Pictures are not part of the copy; repeat everything else in the records exactly.

Material for the task:
# # # #

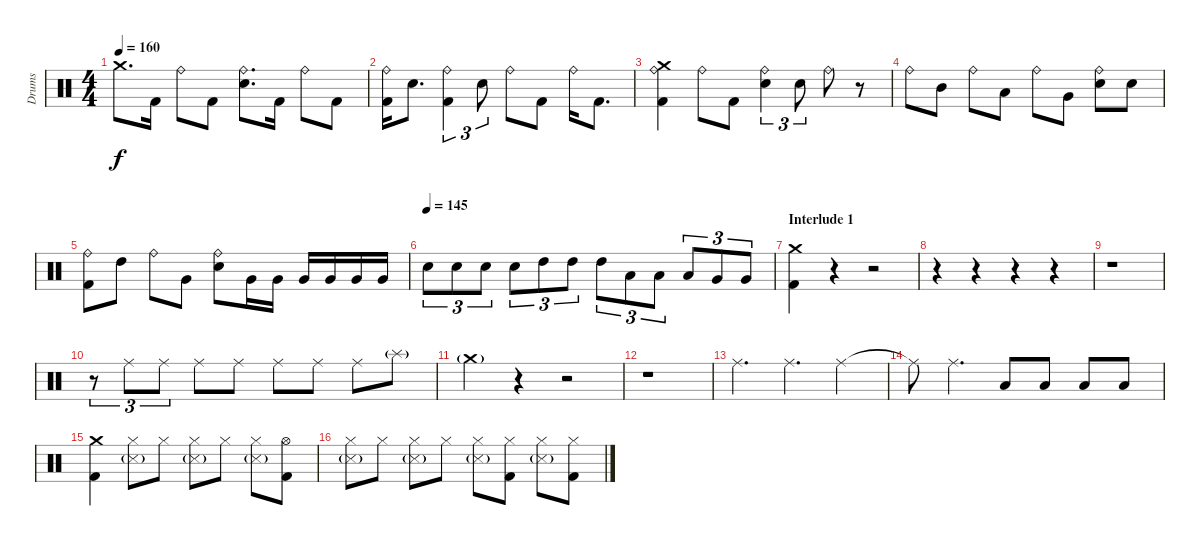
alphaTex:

\track ("Drums" "Drums") {instrument percussion}
\staff {score}
\articulation defaults
\ts (4 4)
\tempo 160
\clef neutral
\ks c "Crash medium (hit)".8{d dy f} "Kick (hit) 2".16 "Ride (bell)".8 "Kick (hit) 2".8
("Ride (bell)" "Snare (hit) 2").8{d} "Kick (hit) 2".16 "Ride (bell)".8 "Kick (hit) 2".8 |
("Ride (bell)" "Kick (hit) 2").16 "Snare (hit) 2".8{d} ("Ride (bell)" "Kick (hit) 2").4{tu (3 2)} "Snare (hit) 2".8{tu (3 2)} "Ride (bell)".8 "Kick (hit) 2".8 "Ride (bell)".16 "Kick (hit) 2".8{d} |
("Crash medium (hit)" "Ride (bell)" "Kick (hit) 2").4 "Ride (bell)".8 "Kick (hit) 2".8 ("Ride (bell)" "Snare (hit) 2").4{tu (3 2)} "Snare (hit) 2".8{tu (3 2)} "Ride (bell)".8 r.8 |
"Ride (bell)".8 "Mid Tom (hit)".8 "Ride (bell)".8 "Low Tom (hit)".8 "Ride (bell)".8 "Very Low Tom (hit)".8 ("Ride (bell)" "Snare (hit) 2").8 "Snare (hit) 2".8 |
("Ride (bell)" "Kick (hit) 2").8 "High Tom (hit)".8 "Ride (bell)".8 "Very Low Tom (hit)".8 ("Ride (bell)" "Snare (hit) 2").8 "Very Low Tom (hit)".16 "Very Low Tom (hit)".16 "Very Low Tom (hit)".16 "Very Low Tom (hit)".16 "Very Low Tom (hit)".16 "Very Low Tom (hit)".16 |
\tempo (145)
"Snare (hit) 2".8{tu (3 2)} "Snare (hit) 2".8{tu (3 2)} "Snare (hit) 2".8{tu (3 2)} "Snare (hit) 2".8{tu (3 2)} "High Tom (hit)".8{tu (3 2)} "High Tom (hit)".8{tu (3 2)} "High Tom (hit)".8{tu (3 2)} "Low Tom (hit)".8{tu (3 2)} "Low Tom (hit)".8{tu (3 2)} "Low Tom (hit)".8{tu (3 2)} "Very Low Tom (hit)".8{tu (3 2)} "Very Low Tom (hit)".8{tu (3 2)} |
\section ("" "Interlude 1")
("Crash medium (hit)" "Kick (hit) 2").4 r.4 r.2 |
r.4 r.4 r.4 r.4 |
r.1 |
r.8{tu (3 2)} "Ride (middle)".8{tu (3 2)} "Ride (middle)".8{tu (3 2)} "Ride (middle)".8 "Ride (middle)".8 "Ride (middle)".8 "Ride (middle)".8 "Ride (middle)".8 "Splash (hit)"{g}.8 |
"Crash medium (hit)"{g}.4 r.4 r.2 |
r.1 |
"Ride (middle)".4{d} "Ride (middle)".4{d} "Ride (middle)".4 |
"Ride (middle)"{t}.8 "Ride (middle)".4{d} "Low Tom (hit)".8 "Low Tom (hit)".8 "Low Tom (hit)".8 "Low Tom (hit)".8 |
("Crash medium (hit)" "Kick (hit) 2").4 ("Hi-Hat (closed)" "Snare (side stick) 3"{g}).8 "Hi-Hat (closed)".8 ("Hi-Hat (closed)" "Snare (side stick) 3"{g}).8 "Hi-Hat (closed)".8 ("Hi-Hat (closed)" "Snare (side stick) 3"{g}).8 ("Hi-Hat (open)" "Kick (hit) 2").8 |
("Hi-Hat (closed)" "Snare (side stick) 3"{g}).8 "Hi-Hat (closed)".8 ("Hi-Hat (closed)" "Snare (side stick) 3"{g}).8 "Hi-Hat (closed)".8 ("Hi-Hat (closed)" "Snare (side stick) 3"{g}).8 ("Hi-Hat (closed)" "Kick (hit) 2").8 ("Hi-Hat (closed)" "Snare (side stick) 3"{g}).8 ("Hi-Hat (closed)" "Kick (hit) 2").8

# # # #

Response area:
alphaTex:

\track ("Drums" "Drums") {instrument percussion}
\staff {score}
\articulation defaults
\ts (4 4)
\tempo 160
\clef neutral
\ks c "Crash medium (hit)".8{d dy f} "Kick (hit) 2".16 "Ride (bell)".8 "Kick (hit) 2".8
("Ride (bell)" "Snare (hit) 2").8{d} "Kick (hit) 2".16 "Ride (bell)".8 "Kick (hit) 2".8 |
("Ride (bell)" "Kick (hit) 2").16 "Snare (hit) 2".8{d} ("Ride (bell)" "Kick (hit) 2").4{tu (3 2)} "Snare (hit) 2".8{tu (3 2)} "Ride (bell)".8 "Kick (hit) 2".8 "Ride (bell)".16 "Kick (hit) 2".8{d} |
("Crash medium (hit)" "Ride (bell)" "Kick (hit) 2").4 "Ride (bell)".8 "Kick (hit) 2".8 ("Ride (bell)" "Snare (hit) 2").4{tu (3 2)} "Snare (hit) 2".8{tu (3 2)} "Ride (bell)".8 r.8 |
"Ride (bell)".8 "Mid Tom (hit)".8 "Ride (bell)".8 "Low Tom (hit)".8 "Ride (bell)".8 "Very Low Tom (hit)".8 ("Ride (bell)" "Snare (hit) 2").8 "Snare (hit) 2".8 |
("Ride (bell)" "Kick (hit) 2").8 "High Tom (hit)".8 "Ride (bell)".8 "Very Low Tom (hit)".8 ("Ride (bell)" "Snare (hit) 2").8 "Very Low Tom (hit)".16 "Very Low Tom (hit)".16 "Very Low Tom (hit)".16 "Very Low Tom (hit)".16 "Very Low Tom (hit)".16 "Very Low Tom (hit)".16 |
\tempo (145)
"Snare (hit) 2".8{tu (3 2)} "Snare (hit) 2".8{tu (3 2)} "Snare (hit) 2".8{tu (3 2)} "Snare (hit) 2".8{tu (3 2)} "High Tom (hit)".8{tu (3 2)} "High Tom (hit)".8{tu (3 2)} "High Tom (hit)".8{tu (3 2)} "Low Tom (hit)".8{tu (3 2)} "Low Tom (hit)".8{tu (3 2)} "Low Tom (hit)".8{tu (3 2)} "Very Low Tom (hit)".8{tu (3 2)} "Very Low Tom (hit)".8{tu (3 2)} |
\section ("" "Interlude 1")
("Crash medium (hit)" "Kick (hit) 2").4 r.4 r.2 |
r.4 r.4 r.4 r.4 |
r.1 |
r.8{tu (3 2)} "Ride (middle)".8{tu (3 2)} "Ride (middle)".8{tu (3 2)} "Ride (middle)".8 "Ride (middle)".8 "Ride (middle)".8 "Ride (middle)".8 "Ride (middle)".8 "Splash (hit)"{g}.8 |
"Crash medium (hit)"{g}.4 r.4 r.2 |
r.1 |
"Ride (middle)".4{d} "Ride (middle)".4{d} "Ride (middle)".4 |
"Ride (middle)"{t}.8 "Ride (middle)".4{d} "Low Tom (hit)".8 "Low Tom (hit)".8 "Low Tom (hit)".8 "Low Tom (hit)".8 |
("Crash medium (hit)" "Kick (hit) 2").4 ("Hi-Hat (closed)" "Snare (side stick) 3"{g}).8 "Hi-Hat (closed)".8 ("Hi-Hat (closed)" "Snare (side stick) 3"{g}).8 "Hi-Hat (closed)".8 ("Hi-Hat (closed)" "Snare (side stick) 3"{g}).8 ("Hi-Hat (open)" "Kick (hit) 2").8 |
("Hi-Hat (closed)" "Snare (side stick) 3"{g}).8 "Hi-Hat (closed)".8 ("Hi-Hat (closed)" "Snare (side stick) 3"{g}).8 "Hi-Hat (closed)".8 ("Hi-Hat (closed)" "Snare (side stick) 3"{g}).8 ("Hi-Hat (closed)" "Kick (hit) 2").8 ("Hi-Hat (closed)" "Snare (side stick) 3"{g}).8 ("Hi-Hat (closed)" "Kick (hit) 2").8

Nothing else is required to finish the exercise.